The livestream of the shooting was linked in posts on Facebook, YouTube, Twitter, Instagram and message board 8chan, which also linked to the shooter’s 73-page long manifesto.

During the livestream itself, the shooter said the words “Remember lads, subscribe to Pewdiepie.”

This quote is a reference to the YouTube name for Felix Kjellberg, who currently holds the highest number of subscribers on YouTube. This statement was made to create buzz and call attention to the act of violence itself.

It’s almost as if the shooter was using an active form of live SEO, or search engine optimization, an important part of digital marketing and the backbone for how to reach the highest amount of views and clicks.

The shooter’s manifesto, which was shared with the livestream, made a point to reference odd buzz words as well, including “Candace Owens,” “Spyro the Dragon,” and “Fortnite.”

The choice of those words only makes the shooting all that more disgusting, due mostly in part to the sinister use of these everyday words.

They’re unrelated to the shooting, however using them in the manifesto ensures the story gains more traction and guarantees news sites give as much time to the event itself as possible.
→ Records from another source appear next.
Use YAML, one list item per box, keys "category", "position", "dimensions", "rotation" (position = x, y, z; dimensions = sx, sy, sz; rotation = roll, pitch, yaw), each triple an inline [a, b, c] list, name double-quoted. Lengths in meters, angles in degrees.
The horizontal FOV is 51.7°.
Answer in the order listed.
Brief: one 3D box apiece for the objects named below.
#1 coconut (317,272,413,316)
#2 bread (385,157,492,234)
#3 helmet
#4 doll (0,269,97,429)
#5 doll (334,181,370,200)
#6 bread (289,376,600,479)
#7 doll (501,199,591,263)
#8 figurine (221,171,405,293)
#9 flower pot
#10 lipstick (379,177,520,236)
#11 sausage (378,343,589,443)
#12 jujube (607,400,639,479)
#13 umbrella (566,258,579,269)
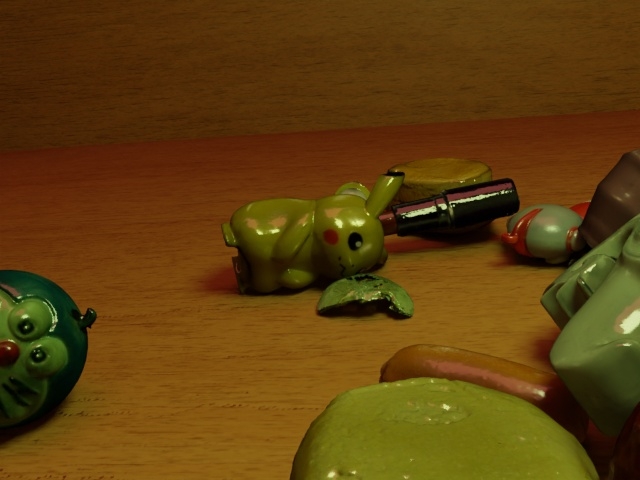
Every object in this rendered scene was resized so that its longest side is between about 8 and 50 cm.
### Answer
- category: "coconut"
  position: [0.072, 0.086, 1.094]
  dimensions: [0.158, 0.055, 0.133]
  rotation: [-3, 20, 1]
- category: "bread"
  position: [0.261, -0.097, 1.447]
  dimensions: [0.195, 0.142, 0.269]
  rotation: [-23, 24, -36]
- category: "helmet"
  position: [0.594, -0.051, 1.051]
  dimensions: [0.338, 0.197, 0.271]
  rotation: [-1, 32, -11]
- category: "doll"
  position: [-0.438, 0.146, 0.836]
  dimensions: [0.322, 0.198, 0.186]
  rotation: [-15, 7, -1]
- category: "doll"
  position: [0.065, -0.066, 1.479]
  dimensions: [0.135, 0.099, 0.241]
  rotation: [-24, 12, 17]
- category: "bread"
  position: [0.102, 0.222, 0.545]
  dimensions: [0.270, 0.148, 0.270]
  rotation: [-1, 17, 0]
- category: "doll"
  position: [0.470, -0.019, 1.245]
  dimensions: [0.336, 0.105, 0.200]
  rotation: [-7, 18, -31]
- category: "figurine"
  position: [-0.008, 0.001, 1.191]
  dimensions: [0.327, 0.218, 0.169]
  rotation: [-3, 47, 5]
- category: "flower pot"
  position: [0.383, 0.066, 0.730]
  dimensions: [0.254, 0.164, 0.367]
  rotation: [-37, -6, 18]
- category: "lipstick"
  position: [0.237, -0.056, 1.289]
  dimensions: [0.299, 0.081, 0.081]
  rotation: [-13, 19, -1]
- category: "sausage"
  position: [0.180, 0.173, 0.755]
  dimensions: [0.238, 0.098, 0.098]
  rotation: [8, 23, 29]
- category: "jujube"
  position: [0.309, 0.229, 0.391]
  dimensions: [0.216, 0.216, 0.342]
  rotation: [-5, 30, 1]
- category: "umbrella"
  position: [0.492, 0.041, 1.154]
  dimensions: [0.133, 0.031, 0.036]
  rotation: [-11, 20, -14]

With a growing level of social media and people becoming able to share almost every second of their life with the world, the fear is more people will try anything to get recognized.

This shooting, while being created with hate in mind, also wanted to create a high level of shock value in order to get attention.

There is nothing stopping literally anyone from abusing social media in a similar way to get the results they want from the world.

While most people seek acceptance and a sense of belonging with social media, it seems clear that there are those who look to use the different avenues in order to create chaos.

Horrifying as it may be, this isn’t the first time social media has been used to spread violence online.

However, it is the most detail-oriented and orchestrated attempt.

When given a platform, people are given free reign to do whatever they would like. This goes for not only individual users on social media but news outlets themselves.

If the shooter was able to essentially control the story by planning everything in detail, then the responsibility of spreading awareness will be held in the hands of everyone else.

Guns have killed many people and that argument has been made time and time again.

However, the damage society does by sharing things like the shooter’s video or manifesto could lead to copycat terrorists or even worse, someone hoping to top the New Zealand shooter’s damage.

People should be aware that spreading the message of someone like the shooter can do more than inform, it can create future problems for everyone.